Last year, the Obama Administration began making pacts with states that agreed to implement the White House’s preferred education policies, circumventing Congress to grant waivers to No Child Left Behind policy. Some states, like Texas and California, have refused to agree to such terms with the Department of Education and are instead demanding genuine relief from No Child Left Behind.

The Department of Education has responded with the announcement that it will begin offering separate policy terms to individual school districts—circumventing not just Congress, but also the authority of states to direct education. Education Week reported on an interview with Secretary Arne Duncan:

It’s clear that Mr. Duncan sees the potential of investing a half-billion dollars in districts, especially in states that are, as he calls them, “less functional” and haven’t won any other competitive grants.

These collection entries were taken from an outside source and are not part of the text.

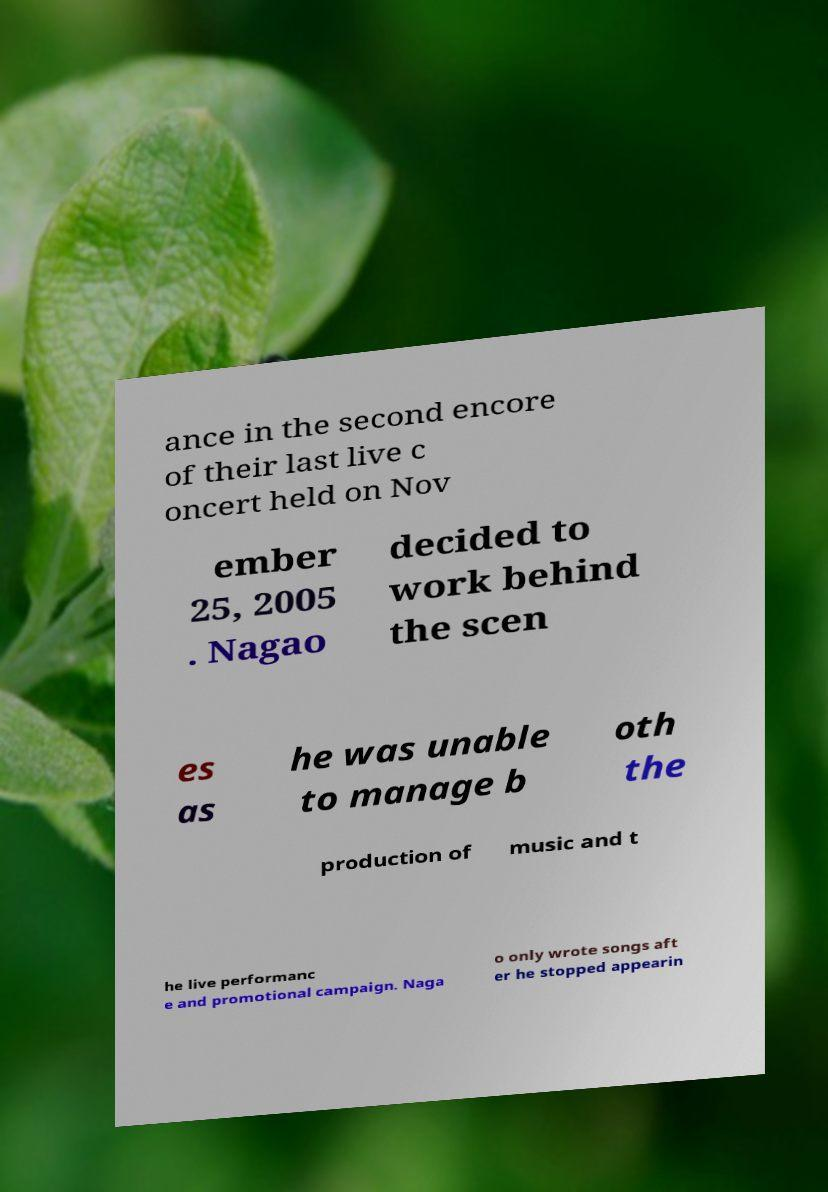Please identify and transcribe the text found in this image. ance in the second encore of their last live c oncert held on Nov ember 25, 2005 . Nagao decided to work behind the scen es as he was unable to manage b oth the production of music and t he live performanc e and promotional campaign. Naga o only wrote songs aft er he stopped appearin 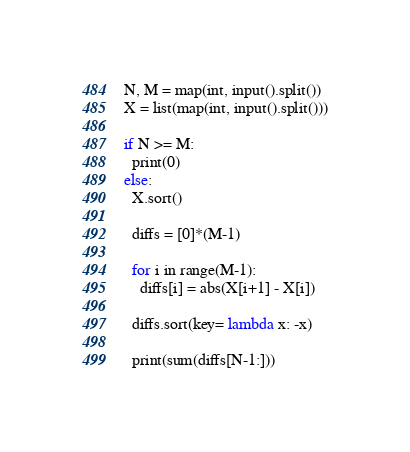Convert code to text. <code><loc_0><loc_0><loc_500><loc_500><_Python_>N, M = map(int, input().split())
X = list(map(int, input().split()))

if N >= M:
  print(0)
else:
  X.sort()

  diffs = [0]*(M-1)

  for i in range(M-1):
    diffs[i] = abs(X[i+1] - X[i])

  diffs.sort(key= lambda x: -x)

  print(sum(diffs[N-1:]))</code> 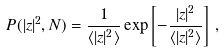Convert formula to latex. <formula><loc_0><loc_0><loc_500><loc_500>P ( | z | ^ { 2 } , N ) = \frac { 1 } { \langle | z | ^ { 2 } \rangle } \exp \left [ - \frac { | z | ^ { 2 } } { \langle | z | ^ { 2 } \rangle } \right ] \, ,</formula> 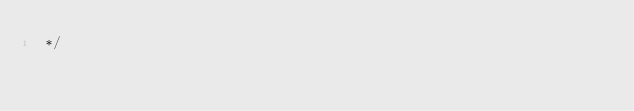Convert code to text. <code><loc_0><loc_0><loc_500><loc_500><_CSS_> */</code> 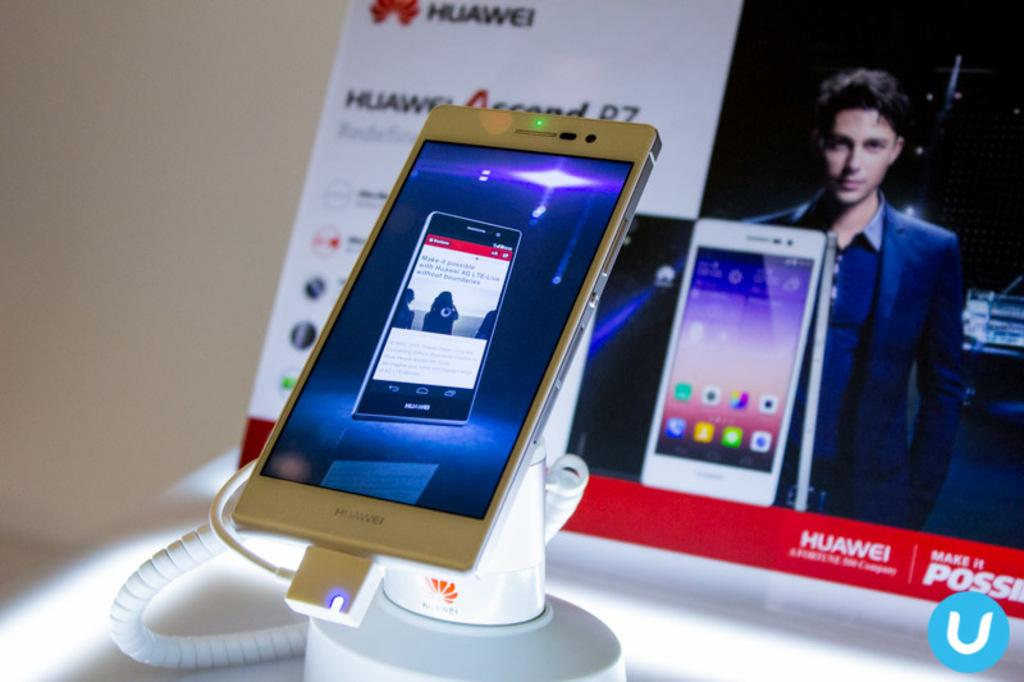<image>
Summarize the visual content of the image. A phone made by the company HUAWEI is on display. 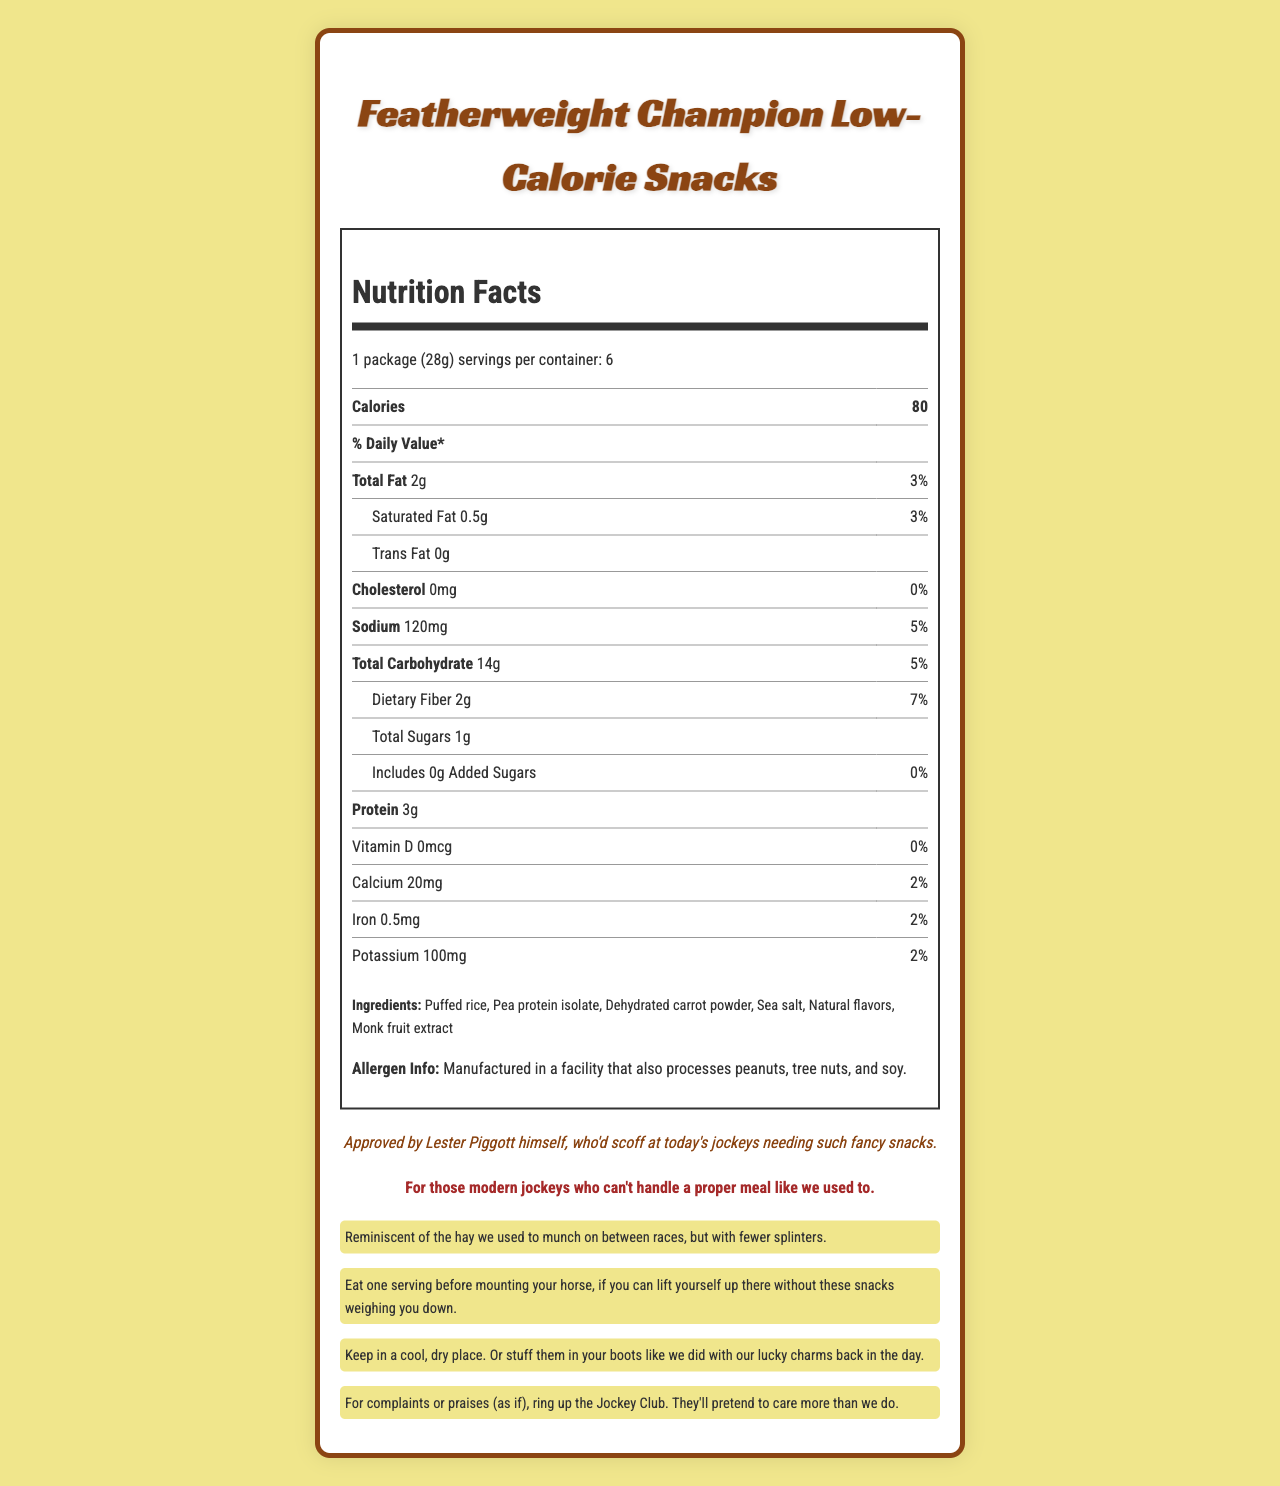who approved these low-calorie snacks? The document states, "Approved by Lester Piggott himself."
Answer: Lester Piggott how many servings are in one container? The document states that there are 6 servings per container.
Answer: 6 servings what is the serving size for these snacks? The document specifies the serving size as "1 package (28g)."
Answer: 1 package (28g) how much sodium is in one serving? The document lists the sodium content of one serving as 120mg.
Answer: 120mg what is the total fat content per serving? According to the document, the total fat content per serving is 2g.
Answer: 2g how much dietary fiber is in one serving of these snacks? The document states that one serving contains 2g of dietary fiber.
Answer: 2g how many calories are in one serving? The document lists the calorie content as 80 calories per serving.
Answer: 80 calories does this product contain any added sugars? The document shows that the added sugars amount is 0g, indicating no added sugars.
Answer: No which vitamin is not present in these snacks? A. Vitamin D B. Calcium C. Iron D. Potassium The document lists Vitamin D with 0mcg and a daily value of 0%.
Answer: A how much calcium is in one serving? The document states that one serving contains 20mg of calcium.
Answer: 20mg what should you do if you have a complaint about this product? A. Contact the manufacturer B. Ring the Jockey Club C. Write a review online D. Return to the store The document suggests, "For complaints or praises (as if), ring up the Jockey Club."
Answer: B do these snacks contain any cholesterol? The document states that the cholesterol content is 0mg.
Answer: No what is the nostalgic claim mentioned in the document? The document contains the nostalgic claim: "Reminiscent of the hay we used to munch on between races, but with fewer splinters."
Answer: Reminiscent of the hay we used to munch on between races, but with fewer splinters. describe the main idea of this document. The document presents information about the nutrition, serving size, and ingredients of the snacks, along with humorous and nostalgic remarks targeted at jockeys.
Answer: The document provides the nutrition facts, ingredient details, and promotional statements for "Featherweight Champion Low-Calorie Snacks," aimed at maintaining a race-ready physique, complete with sarcastic commentary and nostalgic claims. what are the main ingredients listed for these snacks? The document lists the ingredients as "Puffed rice, Pea protein isolate, Dehydrated carrot powder, Sea salt, Natural flavors, Monk fruit extract."
Answer: Puffed rice, Pea protein isolate, Dehydrated carrot powder, Sea salt, Natural flavors, Monk fruit extract is there any information about possible allergens? The document states that it is manufactured in a facility that also processes peanuts, tree nuts, and soy.
Answer: Yes what is the daily value percentage of dietary fiber in one serving? The document shows that the daily value percentage of dietary fiber is 7%.
Answer: 7% can we determine the exact number of packages required to reach 100 calories? The document only provides calorie information per package and per serving but does not easily allow calculation for non-integral package values.
Answer: No what should be the storage conditions for these snacks? The document advises keeping the snacks in a cool, dry place.
Answer: Keep in a cool, dry place. what is the sarcastic tagline mentioned in the document? The document contains the sarcastic tagline: "For those modern jockeys who can't handle a proper meal like we used to."
Answer: For those modern jockeys who can't handle a proper meal like we used to. 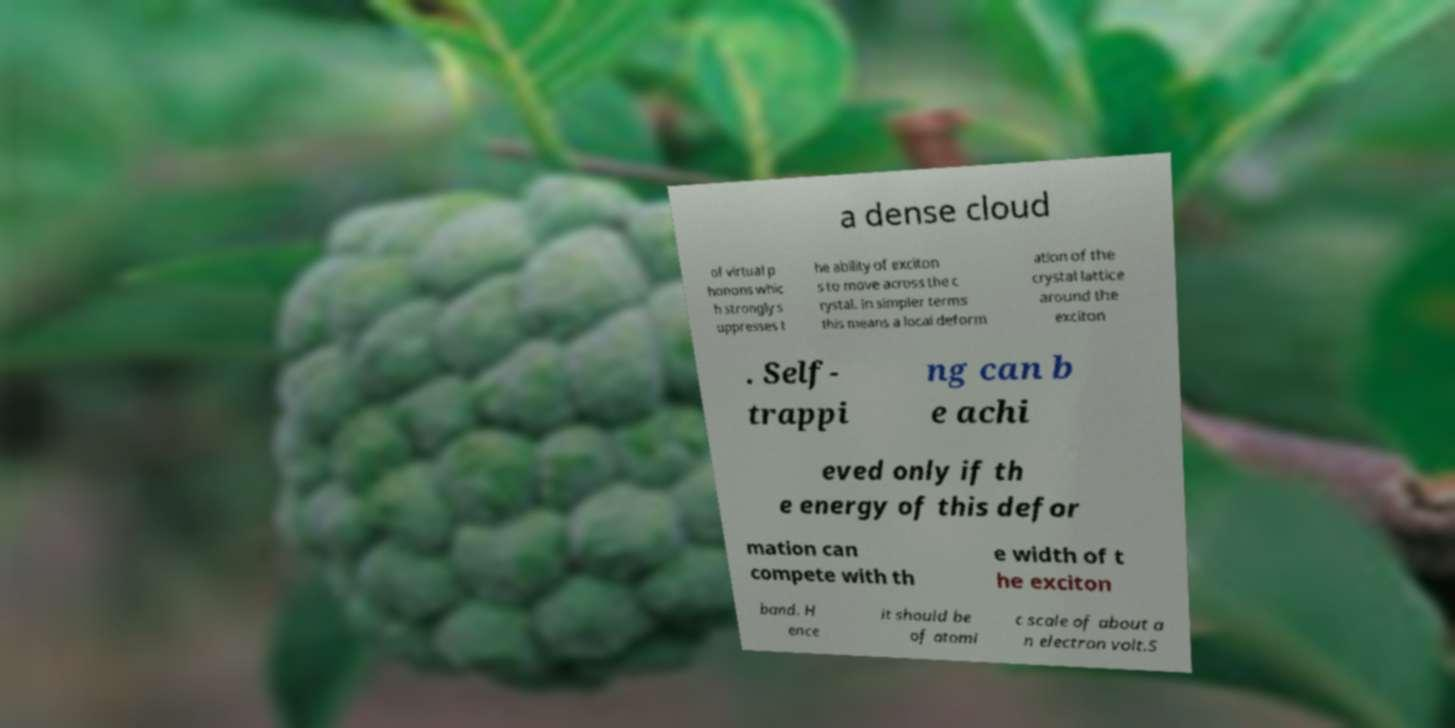Can you read and provide the text displayed in the image?This photo seems to have some interesting text. Can you extract and type it out for me? a dense cloud of virtual p honons whic h strongly s uppresses t he ability of exciton s to move across the c rystal. In simpler terms this means a local deform ation of the crystal lattice around the exciton . Self- trappi ng can b e achi eved only if th e energy of this defor mation can compete with th e width of t he exciton band. H ence it should be of atomi c scale of about a n electron volt.S 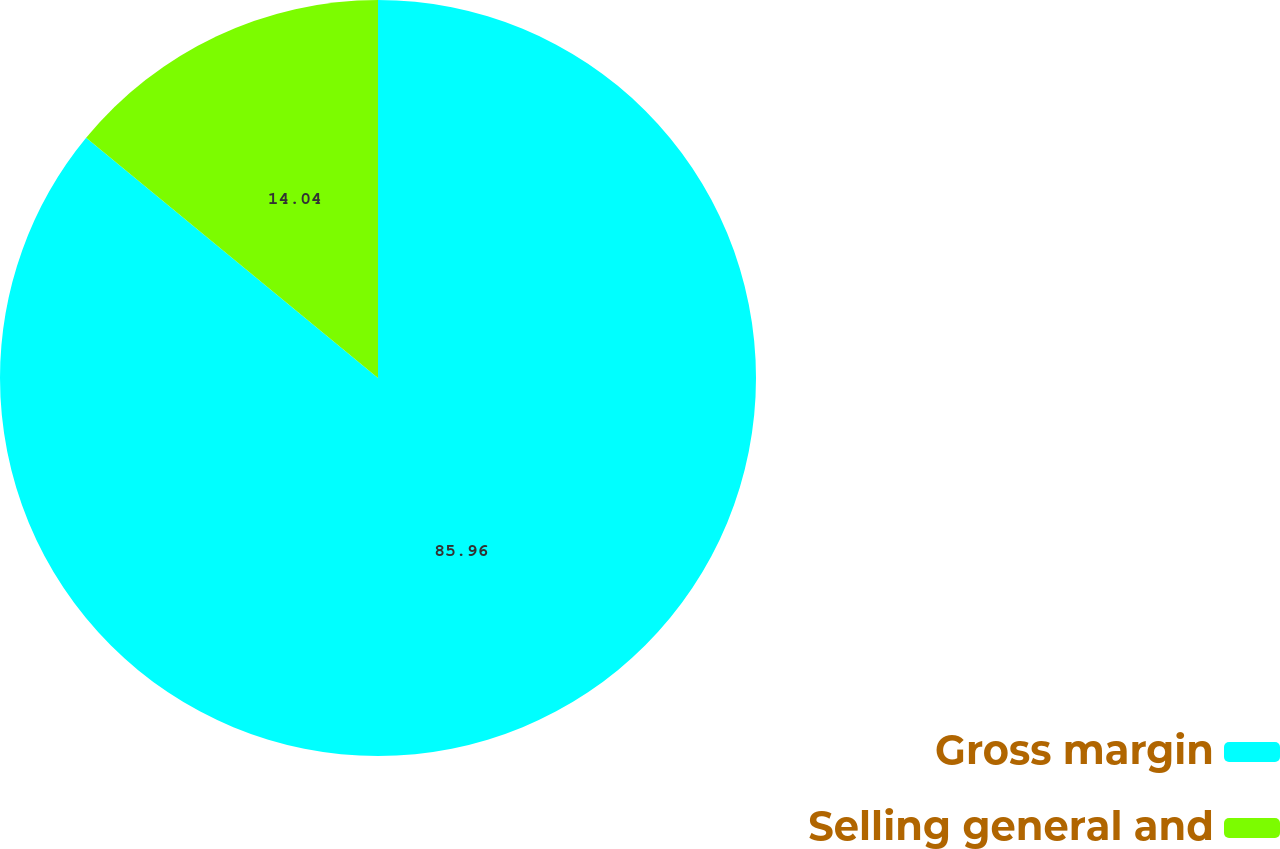<chart> <loc_0><loc_0><loc_500><loc_500><pie_chart><fcel>Gross margin<fcel>Selling general and<nl><fcel>85.96%<fcel>14.04%<nl></chart> 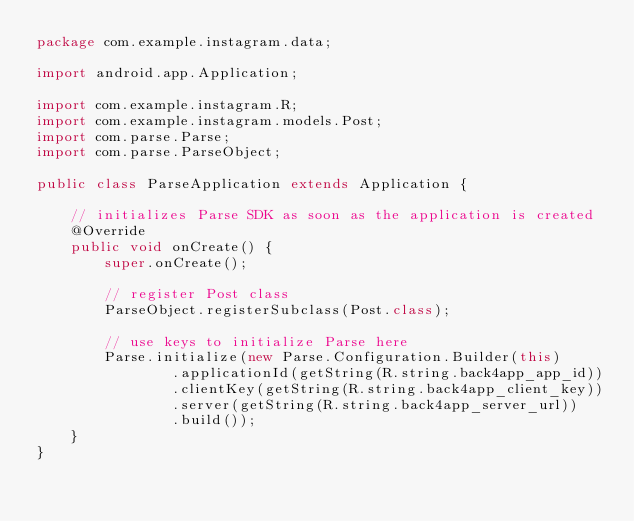Convert code to text. <code><loc_0><loc_0><loc_500><loc_500><_Java_>package com.example.instagram.data;

import android.app.Application;

import com.example.instagram.R;
import com.example.instagram.models.Post;
import com.parse.Parse;
import com.parse.ParseObject;

public class ParseApplication extends Application {

    // initializes Parse SDK as soon as the application is created
    @Override
    public void onCreate() {
        super.onCreate();

        // register Post class
        ParseObject.registerSubclass(Post.class);

        // use keys to initialize Parse here
        Parse.initialize(new Parse.Configuration.Builder(this)
                .applicationId(getString(R.string.back4app_app_id))
                .clientKey(getString(R.string.back4app_client_key))
                .server(getString(R.string.back4app_server_url))
                .build());
    }
}
</code> 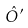Convert formula to latex. <formula><loc_0><loc_0><loc_500><loc_500>\hat { O } ^ { \prime }</formula>

Speaking at a recent conference, Under Secretary Michael Yudin stated that Duncan is “sympathetic to the plight of districts in states that don’t seem to be interested in a department waiver.” Education Week again reports:

Even as school districts across the country clamor for flexibility under the No Child Left Behind Act, state education chiefs have a clear message for U.S. Secretary of Education Secretary Arne Duncan: Any decision to seek a federal waiver should rest with them, not individual districts.

That message, delivered last week to Mr. Duncan at a meeting of the Council of Chief State School Officers, comes as the U.S. Department of Education is considering offering waivers to individual school districts in states that choose not to seek formal flexibility on many of the key provisions of the NCLB law.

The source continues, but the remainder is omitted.